As a local school principal explained:

“It is very much important for our kids to learn these cultural dances because we are living in a rainbow country, wherein all cultures—they just mix, so we don’t want them to get lost and not know their real culture. Wherever they go they should know their culture...they shouldn’t forget their roots. So it is very much important because if we should just leave them and just teach them and forget about their culture, their traditions and so on, really I am telling you, they will forget where they do come from.”

Khosi (Chief) Ligege, Deputy Principal, Ratshitanga Primary School, October 2009.
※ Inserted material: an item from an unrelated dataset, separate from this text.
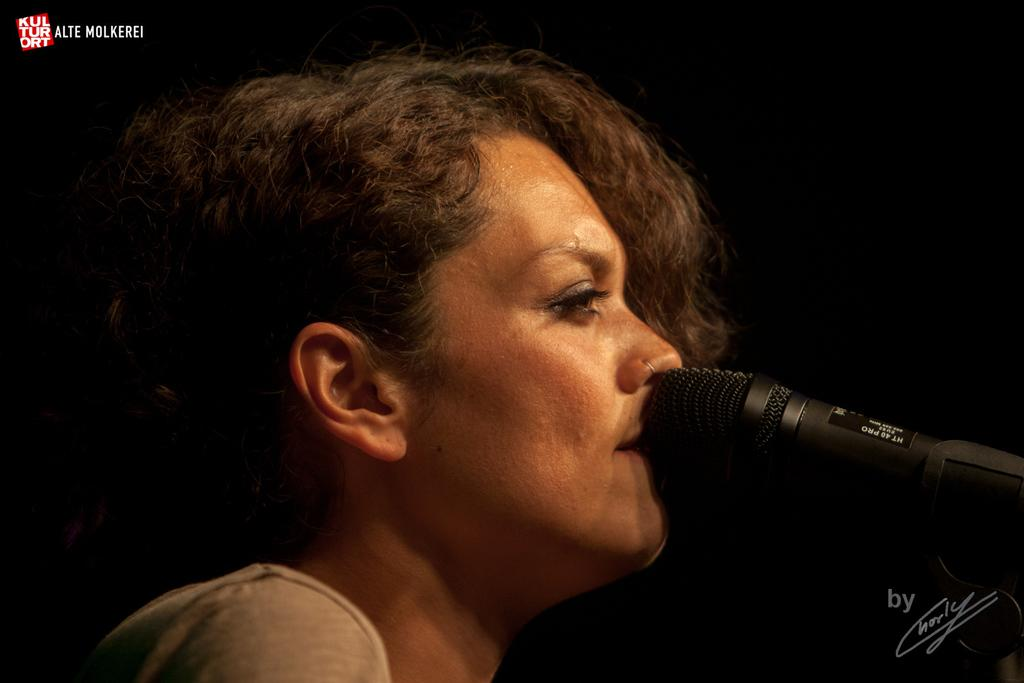Who is present in the image? There is a woman in the image. What object can be seen in the image? There is a mic in the image. What type of flowers can be seen in the garden in the image? There is no garden present in the image, so it is not possible to determine what type of flowers might be seen. 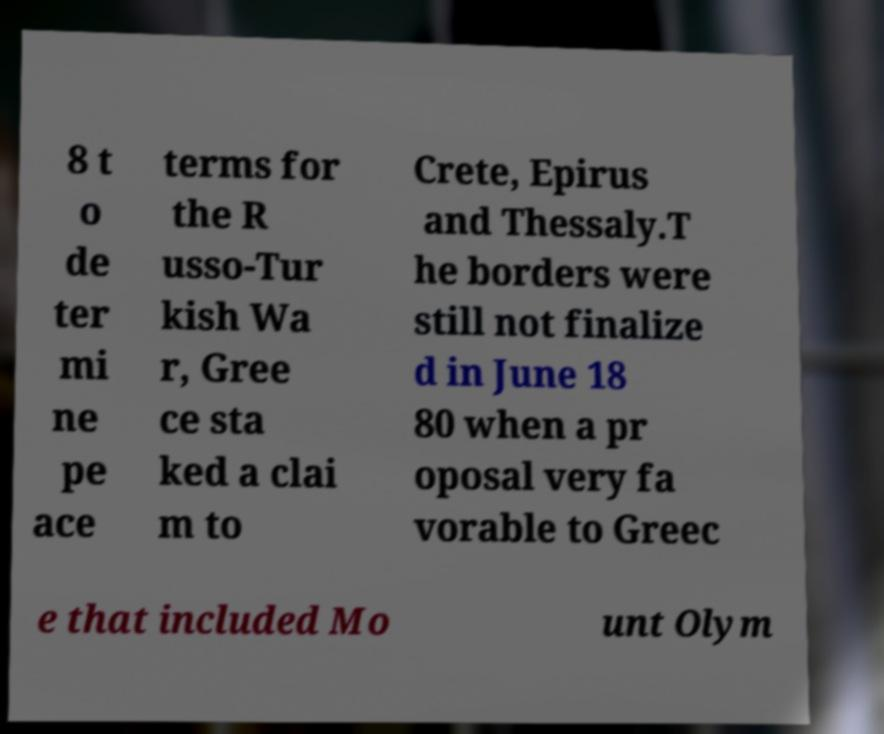Please read and relay the text visible in this image. What does it say? 8 t o de ter mi ne pe ace terms for the R usso-Tur kish Wa r, Gree ce sta ked a clai m to Crete, Epirus and Thessaly.T he borders were still not finalize d in June 18 80 when a pr oposal very fa vorable to Greec e that included Mo unt Olym

The musical multiplicity of daily life is nowhere more evident than in the lives of Venda children. Watching and listening to them seamlessly transition from singing and dancing a familiar tshigombela song, to banging out hip hop and kwaito beats for eager young artists waiting to articulate their musical prowess, demonstrates that Venda childhood does, indeed, sport an “audible badge.” In many ways, its soundscape has been maintained and continues to provide children with a rich musical framework for Venda culture. Participation in traditional Venda music-making constitutes a movement of cultural pride that contributes to the idea of a “rainbow nation,” while also asserting the ways in which Venda culture stands out within South Africa’s multicultural environment.

Andrea Emberly is an ethnomusicologist who has been conducting research in Limpopo since 2004. She is currently an Assistant Professor of Children’s Studies at York University.
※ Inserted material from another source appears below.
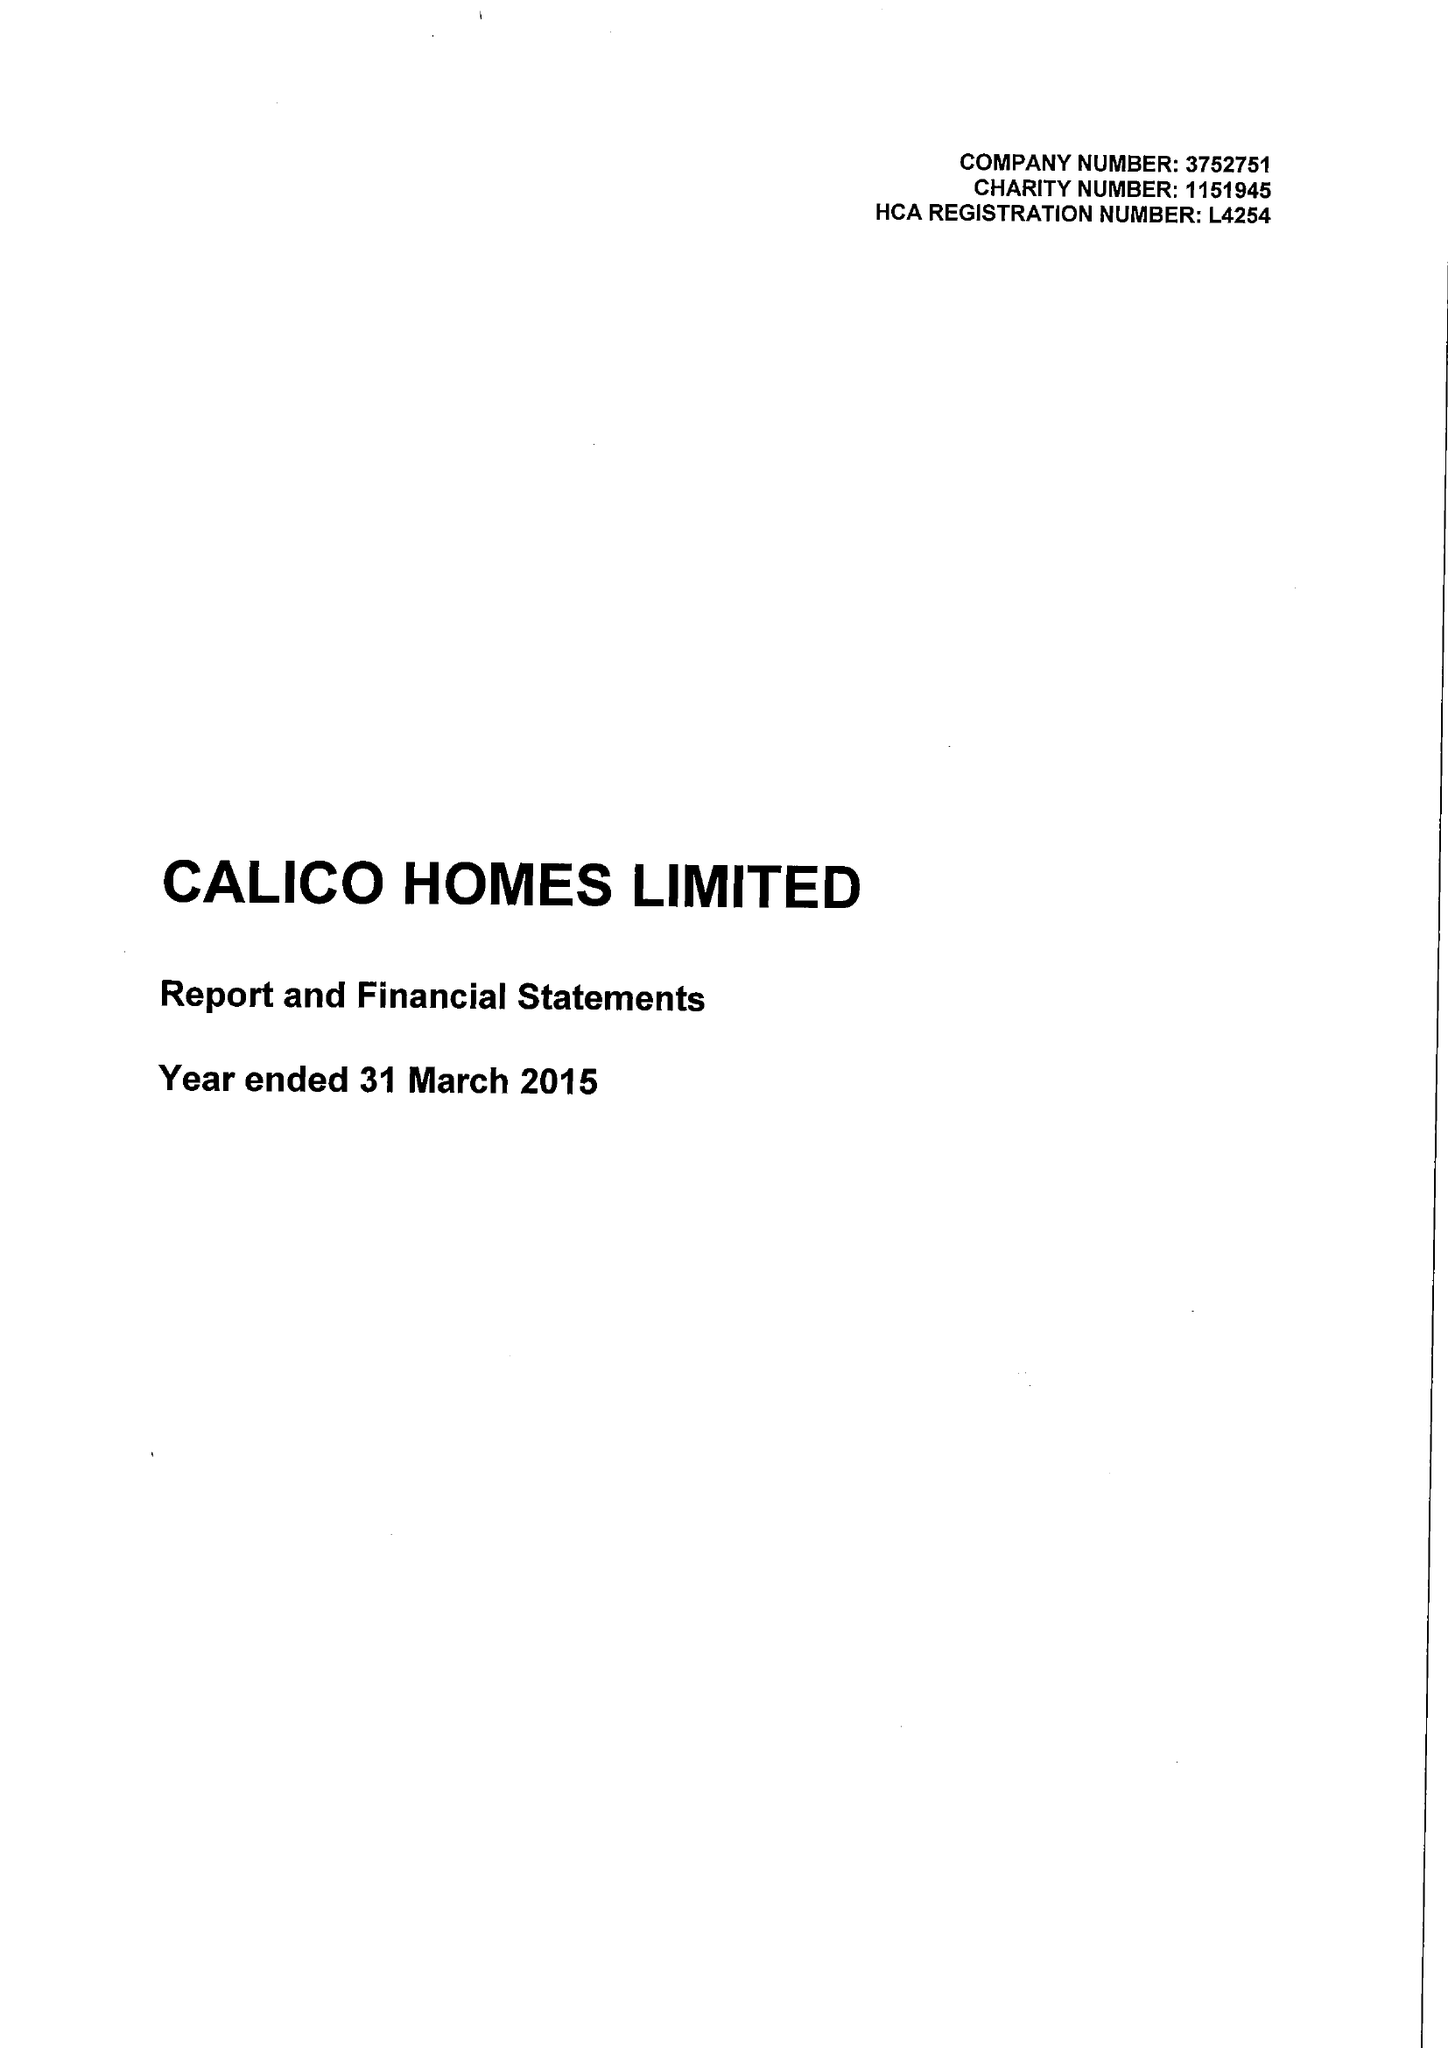What is the value for the charity_name?
Answer the question using a single word or phrase. Calico Homes Ltd.

Mudzunga Junniah Davhula is a Creative Arts curriculum advisor for the Vhembe District, Limpopo Province Department of Education, South Africa. She is a practicing Venda musician and community leader.

References:

Blacking, John. Venda Children’s Songs: A Study in Ethnomusicological Analysis. Johannesburg: Witwatersrand University Press, 1967.

Blacking, John. How Musical is Man? Seattle: University of Washington Press, 1973.

Manzo, Kathryn. A. Creating Boundaries: The Politics of Race andNation. Boulder, CO: Lynne Rienner, 1996.

Wiggins, Trevor, & Patricia S. Campbell. Oxford Handbook of Children’s Musical Cultures. Oxford: Oxford University Press, 2012

1 The term “rainbow nation” is credited to Archbishop Desmond Tutu, who used it to describe an inclusive and multicultural post-apartheid South Africa. Nelson Mandela famously used the term in one of his earliest speeches in office as the President of South Africa stating that, “each of us is as intimately attached to the soil of this beautiful country as are the famous jacaranda trees of Pretoria and the mimosa trees of the bushveld—a rainbow nation at peace with itself and the world" (As quoted in Manzo 1996: 71). “Rainbow nation” is now commonly used to describe South Africa as a country.

2 As a minority group within South Africa, TshiVenda-speaking people make up less than two percent of the total population, making them one of the smallest populations in the country in terms of the 11 officially recognized languages.

3 Blacking’s materials currently reside in two archives—one at the Callaway Centre, University of Western Australia (UWA), and another at Queen’s University, Belfast. We will be collaborating on an exhibition of materials from the UWA collection to be opened at the University of Venda in July of 2014.

4 For example, see Wiggins & Campbell 2012.